Implementation of half-cycle trignometric functions

Wed May 17 04:20:25 UTC 2017

On Wed, May 17, 2017 at 12:49:45PM +1000, Bruce Evans wrote:
> On Tue, 16 May 2017, Steve Kargl wrote:
> > Index: lib/msun/ld128/s_cospil.c
> > +long double
> > +cospil(long double x)
> > +{
> > +	volatile static const double vzero = 0;
> > +	long double ax, c, xf;
> > +	uint32_t ix;
> > +
> > +	ax = fabsl(x);
> > +
> 
> Style (lots of extra blank lines).

If there are only style issues, then we are fortunate as
I have not even compiled the code.

> > +		ax -= xf;
> > +
> 
> These extra blank lines are especially bad, since they separate related
> code.

Extra blank lines make things easier to read.

> 
> > + * FIXME: This should use a polynomial approximation in [0,0.25], but the
> > + * FIXME: increase in max ULP is probably small, so who cares.
> 
> Doesn't it already use the standard kernel, which uses a poly approx?

Whoops forgot to remove the unneeded comment.

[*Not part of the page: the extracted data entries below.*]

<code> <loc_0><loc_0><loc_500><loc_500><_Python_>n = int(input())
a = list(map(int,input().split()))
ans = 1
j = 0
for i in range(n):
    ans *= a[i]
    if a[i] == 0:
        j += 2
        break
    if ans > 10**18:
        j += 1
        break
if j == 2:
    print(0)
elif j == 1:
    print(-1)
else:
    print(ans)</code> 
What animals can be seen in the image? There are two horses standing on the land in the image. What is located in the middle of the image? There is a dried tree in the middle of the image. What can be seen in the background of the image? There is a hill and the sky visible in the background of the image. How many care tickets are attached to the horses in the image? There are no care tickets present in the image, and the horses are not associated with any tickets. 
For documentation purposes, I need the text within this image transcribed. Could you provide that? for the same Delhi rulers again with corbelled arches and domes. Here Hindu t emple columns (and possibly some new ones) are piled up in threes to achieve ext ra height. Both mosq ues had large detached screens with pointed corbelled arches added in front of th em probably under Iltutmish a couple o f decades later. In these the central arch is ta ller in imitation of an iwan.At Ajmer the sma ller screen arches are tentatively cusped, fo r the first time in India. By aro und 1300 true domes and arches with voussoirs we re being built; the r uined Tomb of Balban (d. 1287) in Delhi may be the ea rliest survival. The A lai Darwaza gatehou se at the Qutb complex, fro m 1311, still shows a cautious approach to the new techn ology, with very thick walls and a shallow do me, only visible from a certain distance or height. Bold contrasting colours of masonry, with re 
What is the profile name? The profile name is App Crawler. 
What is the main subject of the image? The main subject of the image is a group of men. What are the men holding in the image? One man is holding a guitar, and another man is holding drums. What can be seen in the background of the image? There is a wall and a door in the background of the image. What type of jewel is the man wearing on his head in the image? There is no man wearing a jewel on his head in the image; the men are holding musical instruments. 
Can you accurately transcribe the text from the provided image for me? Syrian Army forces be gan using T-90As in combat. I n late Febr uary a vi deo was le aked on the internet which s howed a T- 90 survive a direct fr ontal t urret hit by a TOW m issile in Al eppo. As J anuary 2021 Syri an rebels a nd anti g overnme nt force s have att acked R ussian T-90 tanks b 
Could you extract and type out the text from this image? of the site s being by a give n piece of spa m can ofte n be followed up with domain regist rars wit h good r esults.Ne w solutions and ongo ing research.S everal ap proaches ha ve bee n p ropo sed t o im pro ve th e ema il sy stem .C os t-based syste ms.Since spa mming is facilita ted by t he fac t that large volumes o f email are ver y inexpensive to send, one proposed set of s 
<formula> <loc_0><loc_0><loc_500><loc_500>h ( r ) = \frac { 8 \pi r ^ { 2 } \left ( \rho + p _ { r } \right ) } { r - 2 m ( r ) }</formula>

> > +	volatile static const double vzero = 0;
> > +	long double ax, xf;
> > +	uint32_t ix;
> > +
> > +	ax = fabsl(ax);
> > +
> > +	if (ax < 1) {
> > +		if (ax < 0.5) {
> > +			if (ax < 0x1p-60) {
> > +				if (x == 0)
> > +					return (x);
> > +				ax = (double)x;
> 
> Style (unnecessary cast).

Huh?  ax is long double.  x is long double.  The cast should
remove 11 bits.

> > +				x -= ax;
> > +				t = pilo * x + pihi * x + pilo * ax
> > +				    + pihi * ax;
> 
> Style:
> - unnecessary line splitting

The is line is 80 characters without splitting (and even longer if 
one mandates pi_lo and pi_hi).  I use an 80 character wide and wrap
lines that are 79+ characters.

> > Index: lib/msun/ld80/s_cospil.c
> > ...
> > +		if (ix < 0x3ffe)			/* |x| < 0.5 */
> > +			c = __kernel_sinpil(0.5 - ax);
> > +		else if (lx < 0xc000000000000000ull) {	/* |x| < 0.75 */
> 
> Style bug (spelling of the long long abomination using "ull").  The
> explicit abomination is unfortunately needed by old versions of gcc
> with CFLAGS asking for nearly C90.

Whoops that one may have slipped through.

> > +			if (ax == 0.5)
> > +				RETURNI(0);
> 
> Perhaps pessimal to not test for 0.5 in bits.
> 
> It is pessimal to avoid generating inexact for 0.5 at all.  I don't see
> a much better way.

I tried using bits and floating point.  Saw no difference.
cospi(n.5) is exact (see n1950.pdf).  See comment in s_cospi.c
that documents special cases.

> > +		}
> > +		INSERT_LDBL80_WORDS(x, ix, lx);
> > +
> > +		ax -= x;
> > +		EXTRACT_LDBL80_WORDS(ix, lx, ax);
> 
> I don't know if this is a good method.  INSERT/EXTRACT are slow, so I
> doubt that it is.  In e_lgamma*.c:sin_pi*(), we use only a single GET
> of the high word.  This function already used EXTRACT/INSERT to classify,
> and 2 more here.  (_e_lgamma*.c used GET to classify before calling
> sin_pi*(), then 1 more GET.)  INSERT is especially slow.
> 
> Care is needed near the 0x1p63 boundary, since the fast methods require
> adding approx 0x1p63.  At or above the boundary, these methods don't
> obviously work.  Perhaps they give the correct result starting at 2 times
> the boundary, except for setting inexact.  Ugh.  Do you avoid the fast
> methods since they set inexact for most half-integers?  That costs more
> than avoiding inexact for 0.5.

n1950.pdf says cospi(n.5) is exact.  Perhaps, the __kernel_cos()
and __kernel_sin() provide an exact result.  I did not investigate.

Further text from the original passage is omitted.